-- Record excerpts follows --
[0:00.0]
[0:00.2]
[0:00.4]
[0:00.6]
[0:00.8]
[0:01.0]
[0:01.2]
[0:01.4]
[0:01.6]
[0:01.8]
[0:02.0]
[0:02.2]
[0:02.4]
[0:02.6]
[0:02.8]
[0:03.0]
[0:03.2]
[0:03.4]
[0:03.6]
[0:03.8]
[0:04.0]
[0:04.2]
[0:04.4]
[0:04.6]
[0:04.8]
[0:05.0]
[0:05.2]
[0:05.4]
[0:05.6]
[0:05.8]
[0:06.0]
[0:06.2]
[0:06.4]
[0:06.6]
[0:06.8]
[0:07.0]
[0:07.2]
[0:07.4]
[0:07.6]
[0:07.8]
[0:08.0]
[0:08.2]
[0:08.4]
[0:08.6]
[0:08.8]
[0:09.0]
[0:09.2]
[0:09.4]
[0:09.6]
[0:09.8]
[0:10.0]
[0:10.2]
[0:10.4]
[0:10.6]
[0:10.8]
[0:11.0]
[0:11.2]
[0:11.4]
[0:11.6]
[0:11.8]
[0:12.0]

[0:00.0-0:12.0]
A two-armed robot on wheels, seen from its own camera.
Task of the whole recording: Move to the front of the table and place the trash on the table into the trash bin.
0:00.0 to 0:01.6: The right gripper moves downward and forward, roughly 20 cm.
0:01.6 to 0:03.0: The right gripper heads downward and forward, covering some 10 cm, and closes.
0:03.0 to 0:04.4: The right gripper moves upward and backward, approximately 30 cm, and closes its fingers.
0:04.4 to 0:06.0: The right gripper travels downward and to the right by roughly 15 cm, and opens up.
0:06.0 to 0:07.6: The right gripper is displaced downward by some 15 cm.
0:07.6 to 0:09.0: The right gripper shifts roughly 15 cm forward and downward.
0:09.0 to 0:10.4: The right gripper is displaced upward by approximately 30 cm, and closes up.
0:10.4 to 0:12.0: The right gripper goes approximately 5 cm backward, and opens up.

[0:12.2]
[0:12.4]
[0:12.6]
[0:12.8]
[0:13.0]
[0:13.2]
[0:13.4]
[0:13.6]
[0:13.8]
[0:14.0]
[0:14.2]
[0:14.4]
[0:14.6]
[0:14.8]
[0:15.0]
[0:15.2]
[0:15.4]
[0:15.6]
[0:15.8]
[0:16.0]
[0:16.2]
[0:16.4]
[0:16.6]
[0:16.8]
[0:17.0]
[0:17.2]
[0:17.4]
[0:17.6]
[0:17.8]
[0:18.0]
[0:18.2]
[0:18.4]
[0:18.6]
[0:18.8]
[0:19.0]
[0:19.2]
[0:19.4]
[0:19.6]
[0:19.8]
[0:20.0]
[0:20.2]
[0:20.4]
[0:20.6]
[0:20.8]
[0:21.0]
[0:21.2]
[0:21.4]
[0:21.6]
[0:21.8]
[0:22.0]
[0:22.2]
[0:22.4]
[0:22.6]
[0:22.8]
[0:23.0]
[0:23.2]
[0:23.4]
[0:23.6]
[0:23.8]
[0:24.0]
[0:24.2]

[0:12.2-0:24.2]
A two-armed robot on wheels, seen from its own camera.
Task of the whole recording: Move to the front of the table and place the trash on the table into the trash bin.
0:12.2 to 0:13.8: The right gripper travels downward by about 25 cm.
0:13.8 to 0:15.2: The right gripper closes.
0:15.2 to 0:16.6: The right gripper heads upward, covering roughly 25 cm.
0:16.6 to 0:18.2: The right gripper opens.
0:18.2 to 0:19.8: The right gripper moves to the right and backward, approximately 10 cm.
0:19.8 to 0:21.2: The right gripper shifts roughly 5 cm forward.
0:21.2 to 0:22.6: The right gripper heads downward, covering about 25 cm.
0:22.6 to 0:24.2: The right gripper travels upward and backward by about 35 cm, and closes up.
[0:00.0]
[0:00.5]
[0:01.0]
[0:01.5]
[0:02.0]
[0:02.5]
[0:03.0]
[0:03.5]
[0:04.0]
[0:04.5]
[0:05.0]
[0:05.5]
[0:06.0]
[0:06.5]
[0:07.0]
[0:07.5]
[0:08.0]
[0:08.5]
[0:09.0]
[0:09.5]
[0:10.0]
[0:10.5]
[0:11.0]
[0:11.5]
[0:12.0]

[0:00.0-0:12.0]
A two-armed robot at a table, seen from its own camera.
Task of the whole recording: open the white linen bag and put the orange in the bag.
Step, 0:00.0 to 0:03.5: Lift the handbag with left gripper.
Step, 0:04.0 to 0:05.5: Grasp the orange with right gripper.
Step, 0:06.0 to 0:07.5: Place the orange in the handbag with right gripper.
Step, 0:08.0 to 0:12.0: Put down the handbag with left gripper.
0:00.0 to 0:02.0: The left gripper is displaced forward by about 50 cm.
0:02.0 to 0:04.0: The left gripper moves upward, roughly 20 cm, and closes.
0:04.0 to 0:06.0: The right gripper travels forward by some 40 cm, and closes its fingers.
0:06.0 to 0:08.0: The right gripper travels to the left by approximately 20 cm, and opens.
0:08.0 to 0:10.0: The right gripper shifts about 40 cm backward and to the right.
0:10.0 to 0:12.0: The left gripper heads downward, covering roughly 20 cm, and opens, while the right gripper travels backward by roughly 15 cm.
-- Record excerpts concluded --
## Try it
Word for word, retype each record.

## Answer to this task
[0:00.0]
[0:00.2]
[0:00.4]
[0:00.6]
[0:00.8]
[0:01.0]
[0:01.2]
[0:01.4]
[0:01.6]
[0:01.8]
[0:02.0]
[0:02.2]
[0:02.4]
[0:02.6]
[0:02.8]
[0:03.0]
[0:03.2]
[0:03.4]
[0:03.6]
[0:03.8]
[0:04.0]
[0:04.2]
[0:04.4]
[0:04.6]
[0:04.8]
[0:05.0]
[0:05.2]
[0:05.4]
[0:05.6]
[0:05.8]
[0:06.0]
[0:06.2]
[0:06.4]
[0:06.6]
[0:06.8]
[0:07.0]
[0:07.2]
[0:07.4]
[0:07.6]
[0:07.8]
[0:08.0]
[0:08.2]
[0:08.4]
[0:08.6]
[0:08.8]
[0:09.0]
[0:09.2]
[0:09.4]
[0:09.6]
[0:09.8]
[0:10.0]
[0:10.2]
[0:10.4]
[0:10.6]
[0:10.8]
[0:11.0]
[0:11.2]
[0:11.4]
[0:11.6]
[0:11.8]
[0:12.0]

[0:00.0-0:12.0]
A two-armed robot on wheels, seen from its own camera.
Task of the whole recording: Move to the front of the table and place the trash on the table into the trash bin.
0:00.0 to 0:01.6: The right gripper moves downward and forward, roughly 20 cm.
0:01.6 to 0:03.0: The right gripper heads downward and forward, covering some 10 cm, and closes.
0:03.0 to 0:04.4: The right gripper moves upward and backward, approximately 30 cm, and closes its fingers.
0:04.4 to 0:06.0: The right gripper travels downward and to the right by roughly 15 cm, and opens up.
0:06.0 to 0:07.6: The right gripper is displaced downward by some 15 cm.
0:07.6 to 0:09.0: The right gripper shifts roughly 15 cm forward and downward.
0:09.0 to 0:10.4: The right gripper is displaced upward by approximately 30 cm, and closes up.
0:10.4 to 0:12.0: The right gripper goes approximately 5 cm backward, and opens up.

[0:12.2]
[0:12.4]
[0:12.6]
[0:12.8]
[0:13.0]
[0:13.2]
[0:13.4]
[0:13.6]
[0:13.8]
[0:14.0]
[0:14.2]
[0:14.4]
[0:14.6]
[0:14.8]
[0:15.0]
[0:15.2]
[0:15.4]
[0:15.6]
[0:15.8]
[0:16.0]
[0:16.2]
[0:16.4]
[0:16.6]
[0:16.8]
[0:17.0]
[0:17.2]
[0:17.4]
[0:17.6]
[0:17.8]
[0:18.0]
[0:18.2]
[0:18.4]
[0:18.6]
[0:18.8]
[0:19.0]
[0:19.2]
[0:19.4]
[0:19.6]
[0:19.8]
[0:20.0]
[0:20.2]
[0:20.4]
[0:20.6]
[0:20.8]
[0:21.0]
[0:21.2]
[0:21.4]
[0:21.6]
[0:21.8]
[0:22.0]
[0:22.2]
[0:22.4]
[0:22.6]
[0:22.8]
[0:23.0]
[0:23.2]
[0:23.4]
[0:23.6]
[0:23.8]
[0:24.0]
[0:24.2]

[0:12.2-0:24.2]
A two-armed robot on wheels, seen from its own camera.
Task of the whole recording: Move to the front of the table and place the trash on the table into the trash bin.
0:12.2 to 0:13.8: The right gripper travels downward by about 25 cm.
0:13.8 to 0:15.2: The right gripper closes.
0:15.2 to 0:16.6: The right gripper heads upward, covering roughly 25 cm.
0:16.6 to 0:18.2: The right gripper opens.
0:18.2 to 0:19.8: The right gripper moves to the right and backward, approximately 10 cm.
0:19.8 to 0:21.2: The right gripper shifts roughly 5 cm forward.
0:21.2 to 0:22.6: The right gripper heads downward, covering about 25 cm.
0:22.6 to 0:24.2: The right gripper travels upward and backward by about 35 cm, and closes up.
[0:00.0]
[0:00.5]
[0:01.0]
[0:01.5]
[0:02.0]
[0:02.5]
[0:03.0]
[0:03.5]
[0:04.0]
[0:04.5]
[0:05.0]
[0:05.5]
[0:06.0]
[0:06.5]
[0:07.0]
[0:07.5]
[0:08.0]
[0:08.5]
[0:09.0]
[0:09.5]
[0:10.0]
[0:10.5]
[0:11.0]
[0:11.5]
[0:12.0]

[0:00.0-0:12.0]
A two-armed robot at a table, seen from its own camera.
Task of the whole recording: open the white linen bag and put the orange in the bag.
Step, 0:00.0 to 0:03.5: Lift the handbag with left gripper.
Step, 0:04.0 to 0:05.5: Grasp the orange with right gripper.
Step, 0:06.0 to 0:07.5: Place the orange in the handbag with right gripper.
Step, 0:08.0 to 0:12.0: Put down the handbag with left gripper.
0:00.0 to 0:02.0: The left gripper is displaced forward by about 50 cm.
0:02.0 to 0:04.0: The left gripper moves upward, roughly 20 cm, and closes.
0:04.0 to 0:06.0: The right gripper travels forward by some 40 cm, and closes its fingers.
0:06.0 to 0:08.0: The right gripper travels to the left by approximately 20 cm, and opens.
0:08.0 to 0:10.0: The right gripper shifts about 40 cm backward and to the right.
0:10.0 to 0:12.0: The left gripper heads downward, covering roughly 20 cm, and opens, while the right gripper travels backward by roughly 15 cm.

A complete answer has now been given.